• _TO DO_: Could you count the lines in the data that contain "ASTM"? Reply with the number only.
[INPUT — start]
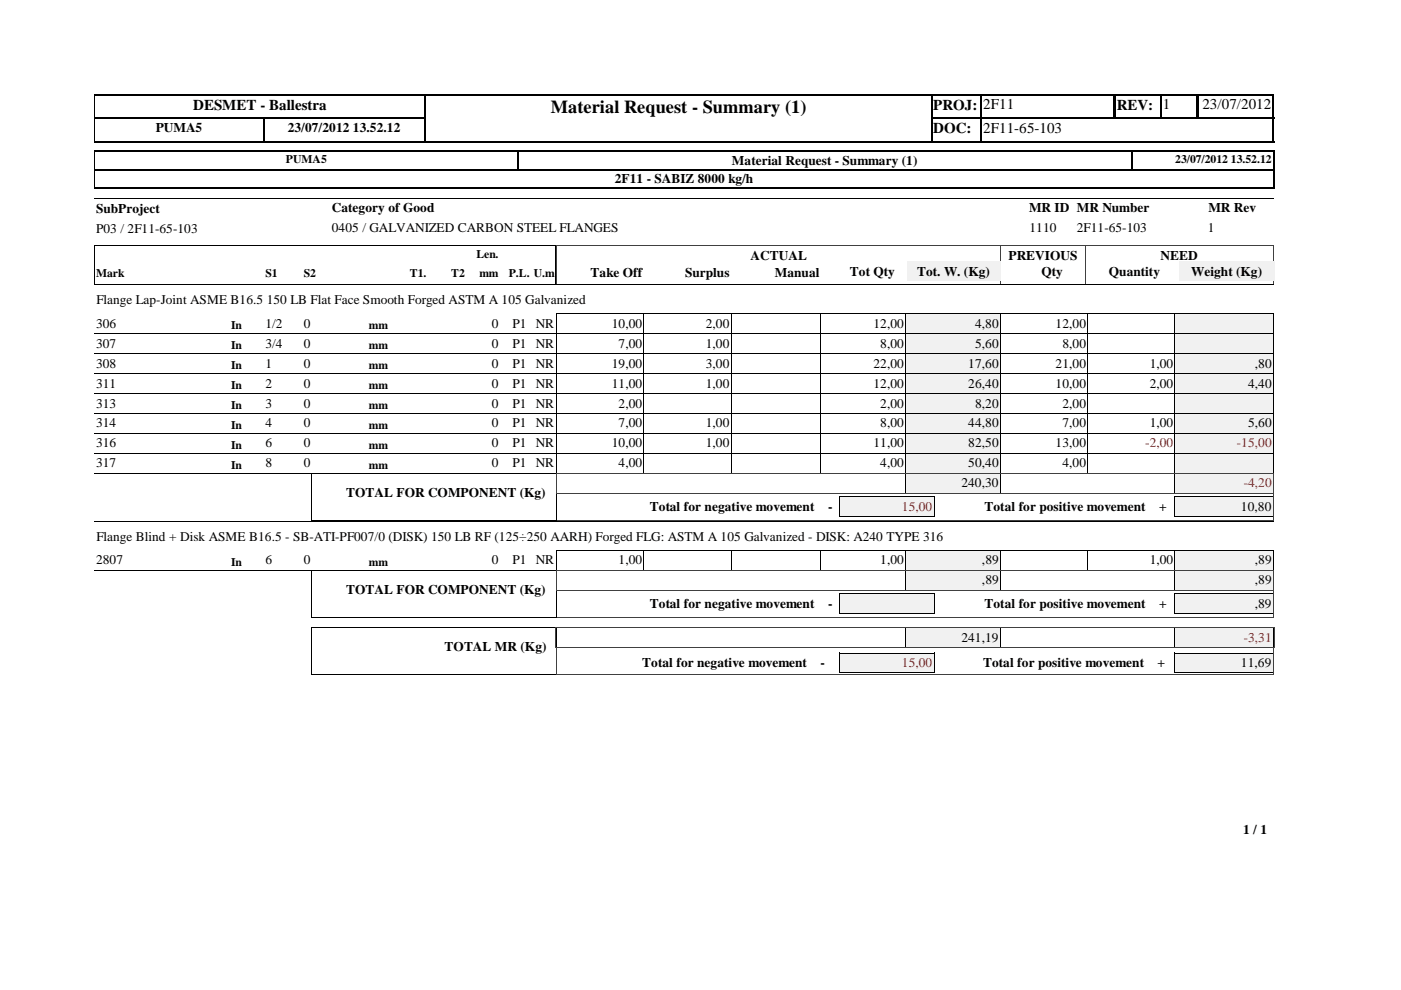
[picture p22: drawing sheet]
<svg xmlns="http://www.w3.org/2000/svg" width="297mm" height="210mm" viewBox="0 0 297 210" stroke-linecap="round" stroke-linejoin="round" font-family="sans-serif">
<defs><g id="words">
<text font-size="3.9" x="116.8" y="23.9">Material Request - Summary (1)</text>
<g font-size="3.2">
<text x="40.9" y="23.3">DESMET - Ballestra</text>
<text x="197.9" y="23.3">PROJ:</text>
<text x="208.4" y="23.2">2F11</text>
<text x="236.8" y="23.3">REV:</text>
<text x="246.5" y="23.2">1</text>
<text x="254.9" y="23.2">23/07/2012</text>
<text x="197.9" y="28.3">DOC:</text>
<text x="208.4" y="28.2">2F11-65-103</text>
</g>
<g font-size="2.8">
<text x="33" y="28">PUMA5</text>
<text x="61" y="28">23/07/2012 13.52.12</text>
<text x="155.2" y="34.9">Material Request - Summary (1)</text>
<text x="130.3" y="38.8">2F11 - SABIZ 8000 kg/h</text>
<text x="20.4" y="45.1">SubProject</text>
<text x="70.4" y="45">Category of Good</text>
<text x="218.2" y="45">MR ID MR Number</text>
<text x="256.2" y="45">MR Rev</text>
<text x="20.4" y="49.3">P03 / 2F11-65-103</text>
<text x="70.4" y="49.2">0405 / GALVANIZED CARBON STEEL FLANGES</text>
<text x="218.3" y="49.2">1110</text>
<text x="228.3" y="49.2">2F11-65-103</text>
<text x="256.1" y="49.2">1</text>
<text x="125.2" y="58.7">Take Off</text>
<text x="145.2" y="58.7">Surplus</text>
<text x="159.1" y="55">ACTUAL</text>
<text x="164.3" y="58.7">Manual</text>
<text x="180.2" y="58.5">Tot Qty</text>
<text x="194.4" y="58.5">Tot. W. (Kg)</text>
<text x="213.8" y="55">PREVIOUS</text>
<text x="220.8" y="58.5">Qty</text>
<text x="235.1" y="58.5">Quantity</text>
<text x="246.1" y="55">NEED</text>
<text x="252.6" y="58.5">Weight (Kg)</text>
<text x="20.4" y="64.6">Flange Lap-Joint ASME B16.5 150 LB Flat Face Smooth Forged ASTM A 105 Galvanized</text>
<text x="20.4" y="69.5">306</text>
<text x="56.3" y="69.5">1/2</text>
<text x="64.4" y="69.5">0</text>
<text x="104.3" y="69.5">0</text>
<text x="108.7" y="69.5">P1 NR</text>
<text x="129.7" y="69.5">10,00</text>
<text x="149.6" y="69.5">2,00</text>
<text x="185.2" y="69.5">12,00</text>
<text x="206.8" y="69.5">4,80</text>
<text x="223.8" y="69.5">12,00</text>
<text x="20.4" y="73.7">307</text>
<text x="20.4" y="77.9">308</text>
<text x="56.3" y="73.7">3/4</text>
<text x="56.3" y="77.9">1</text>
<text x="64.4" y="73.7">0</text>
<text x="64.4" y="77.9">0</text>
<text x="104.3" y="73.7">0</text>
<text x="104.3" y="77.9">0</text>
<text x="108.7" y="73.7">P1 NR</text>
<text x="108.7" y="77.9">P1 NR</text>
<text x="129.7" y="77.9">19,00</text>
<text x="131.1" y="73.7">7,00</text>
<text x="149.6" y="73.7">1,00</text>
<text x="149.6" y="77.9">3,00</text>
<text x="185.2" y="77.9">22,00</text>
<text x="186.6" y="73.7">8,00</text>
<text x="205.3" y="77.9">17,60</text>
<text x="206.8" y="73.7">5,60</text>
<text x="223.8" y="77.9">21,00</text>
<text x="225.3" y="73.7">8,00</text>
<text x="243.8" y="77.9">1,00</text>
<text x="266.1" y="77.9">,80</text>
<text x="20.4" y="82.2">311</text>
<text x="56.3" y="82.2">2</text>
<text x="64.4" y="82.2">0</text>
<text x="104.3" y="82.2">0</text>
<text x="108.7" y="82.2">P1 NR</text>
<text x="129.7" y="82.2">11,00</text>
<text x="149.6" y="82.2">1,00</text>
<text x="185.2" y="82.2">12,00</text>
<text x="205.3" y="82.2">26,40</text>
<text x="223.8" y="82.2">10,00</text>
<text x="243.8" y="82.2">2,00</text>
<text x="264.6" y="82.2">4,40</text>
<text x="20.4" y="86.4">313</text>
<text x="56.3" y="86.4">3</text>
<text x="64.4" y="86.4">0</text>
<text x="104.3" y="86.4">0</text>
<text x="108.7" y="86.4">P1 NR</text>
<text x="131.1" y="86.4">2,00</text>
<text x="186.6" y="86.4">2,00</text>
<text x="206.8" y="86.4">8,20</text>
<text x="225.3" y="86.4">2,00</text>
<text x="20.4" y="90.6">314</text>
<text x="20.4" y="94.9">316</text>
<text x="56.3" y="90.6">4</text>
<text x="56.3" y="94.9">6</text>
<text x="64.4" y="90.6">0</text>
<text x="64.4" y="94.9">0</text>
<text x="104.3" y="90.6">0</text>
<text x="104.3" y="94.9">0</text>
<text x="108.7" y="90.6">P1 NR</text>
<text x="108.7" y="94.9">P1 NR</text>
<text x="129.7" y="94.9">10,00</text>
<text x="131.1" y="90.6">7,00</text>
<text x="149.6" y="90.6">1,00</text>
<text x="149.6" y="94.9">1,00</text>
<text x="185.2" y="94.9">11,00</text>
<text x="186.6" y="90.6">8,00</text>
<text x="205.3" y="90.6">44,80</text>
<text x="205.3" y="94.9">82,50</text>
<text x="223.8" y="94.9">13,00</text>
<text x="225.3" y="90.6">7,00</text>
<text x="243.8" y="90.6">1,00</text>
<text x="264.6" y="90.6">5,60</text>
<text x="20.4" y="99.1">317</text>
<text x="56.3" y="99.1">8</text>
<text x="64.4" y="99.1">0</text>
<text x="104.3" y="99.1">0</text>
<text x="108.7" y="99.1">P1 NR</text>
<text x="131.1" y="99.1">4,00</text>
<text x="186.6" y="99.1">4,00</text>
<text x="205.3" y="99.1">50,40</text>
<text x="225.3" y="99.1">4,00</text>
<text x="73.4" y="105.4">TOTAL FOR COMPONENT (Kg)</text>
<text x="203.8" y="103.3">240,30</text>
<text x="137.7" y="108.4">Total for negative movement</text>
<text x="175.6" y="108.4">-</text>
<text x="208.7" y="108.4">Total for positive movement</text>
<text x="245.7" y="108.4">+</text>
<text x="263.1" y="108.4">10,80</text>
<text x="20.4" y="119.7">2807</text>
<text x="20.4" y="114.8">Flange Blind + Disk ASME B16.5 - SB-ATI-PF007/0 (DISK) 150 LB RF (125÷250 AARH) Forged FLG: ASTM A 105 Galvanized - DISK: A240 TYPE 316</text>
<text x="56.3" y="119.7">6</text>
<text x="64.4" y="119.7">0</text>
<text x="104.3" y="119.7">0</text>
<text x="108.7" y="119.7">P1 NR</text>
<text x="131.1" y="119.7">1,00</text>
<text x="186.6" y="119.7">1,00</text>
<text x="208.2" y="119.7">,89</text>
<text x="243.8" y="119.7">1,00</text>
<text x="266.1" y="119.7">,89</text>
<text x="73.4" y="125.9">TOTAL FOR COMPONENT (Kg)</text>
<text x="208.2" y="123.9">,89</text>
<text x="266.1" y="123.9">,89</text>
<text x="137.7" y="129">Total for negative movement</text>
<text x="175.6" y="129">-</text>
<text x="208.7" y="129">Total for positive movement</text>
<text x="245.7" y="129">+</text>
<text x="266" y="128.9">,89</text>
<text x="203.8" y="136">241,19</text>
<text x="94.3" y="138">TOTAL MR (Kg)</text>
<text x="136.2" y="141.5">Total for negative movement</text>
<text x="174" y="141.5">-</text>
<text x="208.4" y="141.5">Total for positive movement</text>
<text x="245.4" y="141.5">+</text>
<text x="263.1" y="141.4">11,69</text>
<text x="263.6" y="176.9">1 / 1</text>
</g>
<g font-size="2.8" fill="#f00">
<text x="242.8" y="94.9">-2,00</text>
<text x="262.3" y="94.9">-15,00</text>
<text x="263.7" y="103.3">-4,20</text>
<text x="191.2" y="108.4">15,00</text>
<text x="263.7" y="136">-3,31</text>
<text x="191.2" y="141.4">15,00</text>
</g>
<g font-size="2.5">
<text x="60.6" y="34.6">PUMA5</text>
<text x="249.2" y="34.6">23/07/2012 13.52.12</text>
<text x="20.4" y="58.7">Mark</text>
<text x="56.3" y="58.7">S1</text>
<text x="64.4" y="58.7">S2</text>
<text x="86.9" y="58.7">T1.</text>
<text x="95.7" y="58.7">T2</text>
<text x="101" y="54.7">Len.</text>
<text x="101.6" y="58.7">mm</text>
<text x="107.9" y="58.7">P.L. U.m</text>
<text x="49" y="69.7">In</text>
<text x="78.2" y="69.7">mm</text>
<text x="49" y="74">In</text>
<text x="78.2" y="74">mm</text>
<text x="49" y="78.2">In</text>
<text x="49" y="82.4">In</text>
<text x="78.2" y="78.2">mm</text>
<text x="78.2" y="82.4">mm</text>
<text x="49" y="86.7">In</text>
<text x="78.2" y="86.7">mm</text>
<text x="49" y="90.9">In</text>
<text x="49" y="95.1">In</text>
<text x="78.2" y="90.9">mm</text>
<text x="78.2" y="95.1">mm</text>
<text x="49" y="99.4">In</text>
<text x="78.2" y="99.4">mm</text>
<text x="49" y="119.9">In</text>
<text x="78.2" y="119.9">mm</text>
</g>
</g></defs>
<path d="M90.2 20v5.2M197.4 20v10.2M208 20v10.2M236.3 20v5.2M246.1 20v5.2M253.8 20v5.2M254 20v5.2M270 20v10.2M20 25.1h70.3M20 25h70.3M55.9 24.9v5.3M197.2 25.1h73" fill="none" stroke="#000" stroke-width=".34"/>
<path d="M236.3 20v5.2M90.1 24.9v5.3" fill="none" stroke="#000" stroke-width=".38"/>
<path d="M20 30.1h70.3M20 20.1h70.3M197.2 30.1h10.9M197.2 20.1h73" fill="none" stroke="#000" stroke-width=".25"/>
<path d="M20.1 20v10.2" fill="none" stroke="#000" stroke-width=".21"/>
<path d="M207.8 30h62.4" fill="none" stroke="#000" stroke-width=".3"/>
<path d="M90.3 20.2h107.1v9.7h-107.1z" fill="#fff"/>
<path d="M20 35.9h250.3M20 39.9h250.3M90 20.1h107.7M270.1 31.9v4.2" fill="none" stroke="#000" stroke-width=".25"/>
<path d="M197.5 20v10.2M109.9 31.9v4.2" fill="none" stroke="#000" stroke-width=".34"/>
<path d="M20 32.1h250.3M90 30h107.7M270.1 35.9v4.1" fill="none" stroke="#000" stroke-width=".3"/>
<path d="M90.1 20v10.2M239.9 31.9v4.2" fill="none" stroke="#000" stroke-width=".38"/>
<path d="M20 36h250.3M20.1 31.9v8.1M20 42h250M20 52h97.9v8.3h-97.9z" fill="none" stroke="#000" stroke-width=".21"/>
<path d="M212.1 51.9v8.4M212.2 51.9v8.4M230.1 51.9v8.4M270 51.9v8.4M270 52h-152v8.3h152" fill="none" stroke="#404040" stroke-width=".21"/>
<path d="M99.6 56h6.4v3.7h-6.4z" fill="#fff"/>
<g fill="#f1f1f1">
<path d="M192.3 55.4h19.8v4.2h-19.8z"/>
<path d="M250 55.4h20.2v4.2h-20.2z"/>
</g>
<path d="M20 60.3h250M20 70.7h172.1M136.5 66.5v4.2M155 66.5v4.2M174.1 66.5v4.2M192 66.5v4.2M192.1 66.5h-74.1v4.2M212.1 66.5h37v4.2M212.1 70.7h37M212.1 66.5v4.2M230.6 66.5v4.2" fill="none" stroke="#000" stroke-width=".21"/>
<path d="M192.1 66.5h20v4.2h-20z" fill="#f1f1f1"/>
<path d="M192 70.7h20.1M192 70.7v-4.2h20.1v4.2" fill="none" stroke="#000" stroke-width=".21"/>
<path d="M249.1 66.5h20.9v4.2h-20.9z" fill="#f1f1f1"/>
<path d="M20 75h172.1M136.5 70.7v4.3M155 70.7v4.3M174.1 70.7v4.3M192 70.7v4.3M192.1 70.7h-74.1v4.3M212.1 70.7h57.9M212.1 70.7v4.3M230.6 70.7v4.3M249.1 66.5h20.9M249.1 66.5v8.5h-37M270 66.5v4.2" fill="none" stroke="#000" stroke-width=".21"/>
<path d="M192.1 70.7h20v4.2h-20z" fill="#f1f1f1"/>
<path d="M192 70.7h20.1v4.3h-20.1z" fill="none" stroke="#000" stroke-width=".21"/>
<path d="M249.1 70.7h20.9v4.2h-20.9z" fill="#f1f1f1"/>
<path d="M20 79.2h172.1M136.5 74.9v4.3M155 74.9v4.3M174.1 74.9v4.3M192 74.9v4.3M192.1 75h-74.1v4.2M212.1 75h57.9M212.1 74.9v4.3M230.6 74.9v4.3M249.1 70.7h20.9M249.1 70.7v8.5h-37M270 70.7v4.3" fill="none" stroke="#000" stroke-width=".21"/>
<path d="M192.1 74.9h20v4.3h-20z" fill="#f1f1f1"/>
<path d="M192 75h20.1v4.2h-20.1z" fill="none" stroke="#000" stroke-width=".21"/>
<path d="M249.1 74.9h20.9v4.3h-20.9z" fill="#f1f1f1"/>
<path d="M136.5 79.2v4.2M155 79.2v4.2M174.1 79.2v4.2M192 79.2v4.2M192.1 79.2h-74.1v4.2M212.1 79.2h57.9M212.1 79.2v4.2M230.6 79.2v4.2M249.1 75h20.9M249.1 74.9v8.5h-37M270 74.9v4.3M20 83.4h172.1" fill="none" stroke="#000" stroke-width=".21"/>
<path d="M192.1 79.2h20v4.2h-20z" fill="#f1f1f1"/>
<path d="M192 79.2h20.1v4.2h-20.1z" fill="none" stroke="#000" stroke-width=".21"/>
<path d="M249.1 79.2h20.9v4.2h-20.9z" fill="#f1f1f1"/>
<g fill="none" stroke="#000" stroke-width=".21">
<path d="M249.1 79.2h20.9M249.1 79.2v8.5h-37M270 79.2v4.2M20 87.7h172.1M118 83.4h74.1M118 83.4v4.3M136.5 83.4v4.3M155 83.4v4.3M174.1 83.4v4.3M192 83.4v4.3M212.1 83.4h57.9M212.1 83.4v4.3"/>
<path d="M230.6 83.4v4.3"/>
</g>
<path d="M192.1 83.4h20v4.2h-20z" fill="#f1f1f1"/>
<path d="M192 83.4h20.1M192 83.4v4.3h20.1v-4.3" fill="none" stroke="#000" stroke-width=".21"/>
<path d="M249.1 83.4h20.9v4.2h-20.9z" fill="#f1f1f1"/>
<g fill="none" stroke="#000" stroke-width=".21">
<path d="M20 91.9h172.1M118 87.7h74.1M118 87.6v4.3M136.5 87.6v4.3M155 87.6v4.3M174.1 87.6v4.3M192 87.6v4.3M212.1 87.7h57.9M212.1 87.6v4.3M230.6 87.6v4.3M249.1 83.4h20.9M249.1 83.4v8.5h-37"/>
<path d="M270 83.4v4.3"/>
</g>
<path d="M192.1 87.6h20v4.3h-20z" fill="#f1f1f1"/>
<path d="M192 87.7h20.1M192 87.6v4.3h20.1v-4.3" fill="none" stroke="#000" stroke-width=".21"/>
<path d="M249.1 87.6h20.9v4.3h-20.9z" fill="#f1f1f1"/>
<g fill="none" stroke="#000" stroke-width=".21">
<path d="M20 96.1h172.1M118 91.9h74.1M118 91.9v4.2M136.5 91.9v4.2M155 91.9v4.2M174.1 91.9v4.2M192 91.9v4.2M212.1 91.9h57.9M212.1 96.1h37M212.1 91.9v4.2M230.6 91.9v4.2M249.1 87.7h20.9"/>
<path d="M249.1 87.6v8.5M270 87.6v4.3"/>
</g>
<path d="M192.1 91.9h20v4.2h-20z" fill="#f1f1f1"/>
<path d="M192 91.9h20.1M192 96.1h20.1M192 91.9v4.2M212.1 91.9v4.2" fill="none" stroke="#000" stroke-width=".21"/>
<path d="M249.1 91.9h20.9v4.2h-20.9z" fill="#f1f1f1"/>
<g fill="none" stroke="#000" stroke-width=".21">
<path d="M136.5 96.1v4.3M155 96.1v4.3M174.1 96.1v4.3M192 96.1v4.3M192.1 96.1h-74.1v4.3M212.1 96.1h57.9M212.1 96.1v4.3M230.6 96.1v4.3M249.1 91.9h20.9M249.1 91.9v8.5M270 91.9v4.2M20 100.4h172.1"/>
<path d="M212.1 100.4h37"/>
</g>
<path d="M192.1 96.1h20v4.2h-20z" fill="#f1f1f1"/>
<path d="M192 100.4h20.1M192 100.4v-4.3h20.1v4.3" fill="none" stroke="#000" stroke-width=".21"/>
<path d="M249.1 96.1h20.9v4.2h-20.9z" fill="#f1f1f1"/>
<path d="M249.1 96.1h20.9M249.1 96.1v4.3M270 96.1v4.3M249.1 100.4h20.9" fill="none" stroke="#000" stroke-width=".21"/>
<path d="M192.1 100.3h20v4.3h-20z" fill="#f1f1f1"/>
<path d="M192 104.6h20.1M192 104.6v-4.2h20.1v4.2" fill="none" stroke="#000" stroke-width=".21"/>
<path d="M249.1 100.3h20.9v4.3h-20.9z" fill="#f1f1f1"/>
<path d="M249.1 100.4h20.9M249.1 104.6h20.9M249.1 100.3v4.3M270 100.3v4.3" fill="none" stroke="#000" stroke-width=".21"/>
<path d="M249.1 105.4h20.8v4.2h-20.8z" fill="#f1f1f1"/>
<path d="M249 109.6h21M249.1 109.6l-.1-4.3h21l-.1 4.3" fill="none" stroke="#000" stroke-width=".21"/>
<path d="M178 105.4h20v4.2h-20z" fill="#f1f1f1"/>
<g fill="none" stroke="#000" stroke-width=".21">
<path d="M20 110.5h250M66 100.4h52.1l-.1 9.9h-52zM118 116.7h74.1M118 116.7v4.2M136.5 116.7v4.2M155 116.7v4.2M174.1 116.7v4.2M177.9 109.6h20.2M177.9 109.6v-4.3h20.2v4.3M192 116.7v4.2M212.1 116.7h37M212.1 116.7v4.2"/>
<path d="M230.6 116.7v4.2M249.1 116.7v4.2M20 120.9h172.1M212.1 120.9h37"/>
</g>
<path d="M118 100.4h152.1M118 100.4v4.3h152.1M118 110.4h152.1M118 104.6v5.8M270.1 100.4v4.3M270.1 104.6v5.8" fill="none" stroke="#404040" stroke-width=".21"/>
<path d="M192.1 116.7h20v4.2h-20z" fill="#f1f1f1"/>
<path d="M192 116.7h20.1M192 116.7v4.2M212.1 116.7v4.2M192 120.9h20.1" fill="none" stroke="#000" stroke-width=".21"/>
<path d="M249.1 116.7h20.9v4.2h-20.9z" fill="#f1f1f1"/>
<path d="M249.1 116.7h20.9M249.1 116.7v4.2M270 116.7v4.2M249.1 120.9h20.9" fill="none" stroke="#000" stroke-width=".21"/>
<path d="M192.1 120.9h20v4.2h-20z" fill="#f1f1f1"/>
<path d="M192 125.2h20.1M192 125.2v-4.3h20.1v4.3" fill="none" stroke="#000" stroke-width=".21"/>
<path d="M249.1 120.9h20.9v4.2h-20.9z" fill="#f1f1f1"/>
<path d="M249.1 120.9h20.9M249.1 125.2h20.9M249.1 120.9v4.3M270 120.9v4.3" fill="none" stroke="#000" stroke-width=".21"/>
<path d="M249.1 125.9h20.8v4.2h-20.8z" fill="#f1f1f1"/>
<path d="M249 125.9h21M249.1 125.9l-.1 4.3h20.9v-4.3" fill="none" stroke="#000" stroke-width=".21"/>
<path d="M178 125.9h20v4.2h-20z" fill="#f1f1f1"/>
<path d="M66 120.9h52.1l-.1 10h-52zM177.9 125.9h20.2M177.9 125.9v4.3h20.2v-4.3" fill="none" stroke="#000" stroke-width=".21"/>
<path d="M118 131h152.1M118 125.2v5.8M270.1 125.2v5.8M270.1 125.2h-152.1v-4.2h152.1v4.3" fill="none" stroke="#404040" stroke-width=".21"/>
<path d="M192.1 133h20v4.2h-20z" fill="#f1f1f1"/>
<path d="M192 133h20.1M192 133v4.3h20.1v-4.3" fill="none" stroke="#000" stroke-width=".21"/>
<path d="M249.1 133h20.9v4.2h-20.9z" fill="#f1f1f1"/>
<path d="M249.1 133h20.9M249.1 137.3h20.9M249.1 133v4.3M270 133v4.3" fill="none" stroke="#000" stroke-width=".21"/>
<path d="M249.1 138.4h20.8v4.3h-20.8z" fill="#f1f1f1"/>
<path d="M249 138.5h21l-.1 4.2h-20.9z" fill="none" stroke="#000" stroke-width=".21"/>
<path d="M178 138.4h20v4.3h-20z" fill="#f1f1f1"/>
<path d="M66 133h52.1M66 133v10h52v-10M177.9 138.5h20.2v4.2h-20.2z" fill="none" stroke="#000" stroke-width=".21"/>
<path d="M117.9 137.3h152.3M117.9 133h152.3M117.9 133v4.3M118 137.2v5.8h152.1v-5.8M270.2 133v4.3" fill="none" stroke="#404040" stroke-width=".21"/>
<use href="#words"/>
</svg>
[INPUT — finish]
• _EXERCISE RESULT_: 2